The Federal Chamber of Automotive Industries (FCAI) welcomes the opportunity to provide input into the Economics Legislation Committee’s inquiry into the COAG Reform Fund Amendment (No Electric Vehicle Taxes) Bill 2020 (The Bill). The FCAI is the peak Australian industry organisation representing over 60 global automotive brands who design, manufacture and sell passenger vehicles, light commercial vehicles and motorcycles around the world.
The FCAI supports the goal of the Bill to prevent the States erecting roadblocks to the uptake of Zero and Low Emissions Vehicles (ZLEVs). Transport is Australia’s fastest growing source of carbon pollution and zero emissions vehicles are the only path to decarbonizing transport. The FCAI has called for governments at all levels to develop clear and consistent policies on CO2, road user charges and removing barriers to increase the uptake of Zero and Low Emissions Vehicles (ZELVs).
The announcement by a number of State governments that they intend to implement Road User Charges (RUC) targeted at Electric Vehicles, Plug in Hybrid Electric Vehicles and hydrogen vehicles institutes a major barrier to the uptake of those vehicles by consumers just as the technology, still in its infancy, is starting to get a foothold in Australia.
The contradiction by state governments of setting net zero targets and then putting in a RUC that disincentivise the take up of ZLEVs is confusing for our member companies and extremely difficult to explain to their global headquarters.
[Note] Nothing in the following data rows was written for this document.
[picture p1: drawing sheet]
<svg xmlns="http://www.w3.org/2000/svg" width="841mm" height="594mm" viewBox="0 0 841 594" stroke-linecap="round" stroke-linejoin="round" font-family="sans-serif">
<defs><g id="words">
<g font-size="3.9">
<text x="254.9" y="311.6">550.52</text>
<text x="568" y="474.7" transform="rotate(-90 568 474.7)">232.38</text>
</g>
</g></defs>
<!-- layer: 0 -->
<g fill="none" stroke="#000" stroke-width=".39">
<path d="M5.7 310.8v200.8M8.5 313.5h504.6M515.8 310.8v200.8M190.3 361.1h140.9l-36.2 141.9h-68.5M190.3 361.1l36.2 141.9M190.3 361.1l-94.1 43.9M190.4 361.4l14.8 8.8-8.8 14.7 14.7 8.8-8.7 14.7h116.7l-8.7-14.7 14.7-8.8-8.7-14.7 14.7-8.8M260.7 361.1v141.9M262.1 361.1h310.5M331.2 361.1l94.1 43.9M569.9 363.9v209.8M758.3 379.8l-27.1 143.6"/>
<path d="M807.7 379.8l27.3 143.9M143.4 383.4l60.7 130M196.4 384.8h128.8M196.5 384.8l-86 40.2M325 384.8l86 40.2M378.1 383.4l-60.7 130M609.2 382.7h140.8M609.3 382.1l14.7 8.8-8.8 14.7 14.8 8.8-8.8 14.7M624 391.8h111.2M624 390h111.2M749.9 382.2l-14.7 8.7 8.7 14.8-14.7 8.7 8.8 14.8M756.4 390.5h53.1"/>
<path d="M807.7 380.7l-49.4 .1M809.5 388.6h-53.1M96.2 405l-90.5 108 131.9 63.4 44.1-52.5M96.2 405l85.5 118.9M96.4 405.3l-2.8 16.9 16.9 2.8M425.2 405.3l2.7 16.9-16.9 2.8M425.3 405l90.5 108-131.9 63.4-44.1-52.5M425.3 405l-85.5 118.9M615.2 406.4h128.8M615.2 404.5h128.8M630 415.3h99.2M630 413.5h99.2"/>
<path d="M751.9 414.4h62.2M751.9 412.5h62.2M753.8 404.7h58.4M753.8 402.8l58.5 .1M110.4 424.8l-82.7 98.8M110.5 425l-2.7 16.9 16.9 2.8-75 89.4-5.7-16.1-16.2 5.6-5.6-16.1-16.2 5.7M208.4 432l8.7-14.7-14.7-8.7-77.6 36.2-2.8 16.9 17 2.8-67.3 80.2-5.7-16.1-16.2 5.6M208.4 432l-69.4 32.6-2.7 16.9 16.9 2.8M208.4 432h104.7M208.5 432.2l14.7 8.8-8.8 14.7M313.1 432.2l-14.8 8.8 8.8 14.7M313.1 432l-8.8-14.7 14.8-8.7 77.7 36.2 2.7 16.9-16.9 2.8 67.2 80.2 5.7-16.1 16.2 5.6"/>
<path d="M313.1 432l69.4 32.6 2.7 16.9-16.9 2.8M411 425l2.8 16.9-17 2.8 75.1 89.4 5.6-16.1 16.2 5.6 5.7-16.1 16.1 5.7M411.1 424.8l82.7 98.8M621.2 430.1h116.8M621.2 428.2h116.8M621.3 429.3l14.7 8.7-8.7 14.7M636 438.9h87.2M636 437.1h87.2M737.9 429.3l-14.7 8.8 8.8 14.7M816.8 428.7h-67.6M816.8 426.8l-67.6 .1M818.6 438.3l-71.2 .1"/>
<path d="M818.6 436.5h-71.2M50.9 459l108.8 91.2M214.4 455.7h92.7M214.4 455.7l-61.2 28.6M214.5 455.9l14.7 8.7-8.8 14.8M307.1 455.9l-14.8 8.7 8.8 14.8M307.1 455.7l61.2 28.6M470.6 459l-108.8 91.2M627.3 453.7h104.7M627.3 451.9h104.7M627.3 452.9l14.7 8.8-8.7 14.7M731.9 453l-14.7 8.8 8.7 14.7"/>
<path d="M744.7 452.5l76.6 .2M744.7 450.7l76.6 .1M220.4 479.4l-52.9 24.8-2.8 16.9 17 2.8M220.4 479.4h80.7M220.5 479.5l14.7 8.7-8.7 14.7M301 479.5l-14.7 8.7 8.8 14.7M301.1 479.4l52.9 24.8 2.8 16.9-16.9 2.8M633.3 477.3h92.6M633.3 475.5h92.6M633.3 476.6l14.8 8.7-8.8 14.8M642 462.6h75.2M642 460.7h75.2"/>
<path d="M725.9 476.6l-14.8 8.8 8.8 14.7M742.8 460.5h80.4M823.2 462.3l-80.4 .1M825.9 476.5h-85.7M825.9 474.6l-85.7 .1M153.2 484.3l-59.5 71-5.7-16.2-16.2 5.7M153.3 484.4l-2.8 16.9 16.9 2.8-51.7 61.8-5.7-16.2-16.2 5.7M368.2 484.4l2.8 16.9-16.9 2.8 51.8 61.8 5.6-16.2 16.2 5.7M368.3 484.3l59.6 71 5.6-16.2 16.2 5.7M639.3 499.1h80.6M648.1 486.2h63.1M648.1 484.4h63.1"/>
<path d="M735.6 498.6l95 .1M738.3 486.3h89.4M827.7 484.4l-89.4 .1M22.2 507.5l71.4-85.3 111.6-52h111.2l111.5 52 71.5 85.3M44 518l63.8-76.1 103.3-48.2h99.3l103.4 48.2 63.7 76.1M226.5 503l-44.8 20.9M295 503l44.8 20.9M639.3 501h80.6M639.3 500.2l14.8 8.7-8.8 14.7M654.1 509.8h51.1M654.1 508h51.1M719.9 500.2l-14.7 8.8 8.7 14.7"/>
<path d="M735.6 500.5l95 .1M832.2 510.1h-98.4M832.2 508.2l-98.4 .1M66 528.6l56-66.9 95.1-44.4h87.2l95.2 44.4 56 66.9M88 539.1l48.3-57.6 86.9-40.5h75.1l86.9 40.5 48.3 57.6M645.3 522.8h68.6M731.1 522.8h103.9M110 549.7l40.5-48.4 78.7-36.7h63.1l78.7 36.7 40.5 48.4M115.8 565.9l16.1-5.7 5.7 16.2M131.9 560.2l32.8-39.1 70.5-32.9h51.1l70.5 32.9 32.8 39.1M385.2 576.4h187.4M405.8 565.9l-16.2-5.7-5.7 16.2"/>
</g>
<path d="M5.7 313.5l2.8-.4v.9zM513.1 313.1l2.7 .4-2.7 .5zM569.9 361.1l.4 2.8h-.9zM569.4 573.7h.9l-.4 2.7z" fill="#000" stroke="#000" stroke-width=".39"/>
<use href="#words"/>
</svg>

The global companies we represent collectively spend over $100bn a year in R&D to bring new technologies to market. These companies see countries across the world put in place an extensive range of policy measures to increase the use of EVs and other low emission vehicles, from funding infrastructure, mandating ZLEV fleet targets and providing purchasing incentives for consumers. These countries have taken this policy action because they recognise that significant barriers exist for these new vehicle technologies to be adopted by consumers in numbers necessary for the transport sector to play its role in meeting net zero targets. Without the right policy settings, the market share of ZLEVs doesn’t shift in any meaningful way. If policy is adopted that disincentivises the vehicles further for consumers the outcome is even worse.
The combination of these mixed signals being sent by Australian State governments combined with other countries competing for the allocation of vehicles results in automakers prioritizing the allocation of ZLEVs vehicle production for sale in countries other than Australia.
The FCAI calls for the Commonwealth, states and territory governments to not disincentivize the uptake of ZLEVS through new taxes but rather take an integrated policy approach. Such an integrated approach includes incentivising ZLEV infrastructure, non-financial incentives such as free charging and access to transit lanes, and consumer and purchase incentives as well as the removal of Luxury Car Tax and remaining import duties.
The FCAI recognises that the decline in excise, the taxation of motorists and their vehicles, is a long-term issue that needs to be addressed. We also understand that road user charging should play a role in Australia’s future tax regime. However, such a transition needs to be undertaken in a holistic and nationwide manner, recognising the importance of EVs and other low emission vehicles. The FCAI encourages the Commonwealth and State and Territory governments to develop a RUC that is nationally consistent, broad based, technology neutral and replaces inefficient Commonwealth and State taxes – not take the easy path of punishing ZLEVs.